On November 8, 1994, the Democratic Party suffered what was then its worst midterm defeat since 1946. At the time, I was deputy assistant for domestic policy in the Clinton administration. I will never forget the senior staff meeting in the Roosevelt Room the next morning. The names of the defeated Democrats were read, one by one. It was like the tolling of a church bell, an epitaph for the high hopes with which we had entered the White House less than twenty-two months before.
The results of the election led, within the administration, to a period of acute disorientation from which the resident of the Oval Office was not exempt. When the president returned from an immediate post-election overseas trip, he began reaching out in numerous directions—to longtime friends, elected officials, and even scholars. He sought answers to two questions above all: Why had the people so resoundingly rejected the Democratic Party (and, by implication, its leader)? And what should he do next?
The president’s quest soon shaded into what in any White House is a huge, decision-forcing event: the preparation of the annual State of the Union address. We all knew that the 1995 edition would be of more than usual importance. Everyone would scrutinize it for evidence of what the president had learned from the difficulties of his first two years and for the outline of a new direction during his next two.
And so, in a Clinton White House tradition little known to the wider public, several speechwriters and policy advisers, myself included, began a more formal process of soliciting memos from eminent thinkers on their ideas for the State of the Union, and putting those before the president.

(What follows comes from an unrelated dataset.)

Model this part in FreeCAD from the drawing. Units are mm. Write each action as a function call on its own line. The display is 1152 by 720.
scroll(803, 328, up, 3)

The ten “memos to President Obama” that we present in this issue of the Washington Monthly are thus, for me at least, a replay of sorts. They are an attempt to solicit fresh thinking for a White House that needs it now as much as we did back then. Certainly the drubbing Clinton received in 1994 was every bit as bad as the shellacking Obama got in November, and the political road ahead seemed to us no less forbidding than it must to the current administration. The good news is that after listening to outside advice, Bill Clinton reconceived his presidency in the face of the Gingrich Revolution, and that reconception led, two years later, to his reelection. Barack Obama can do the same.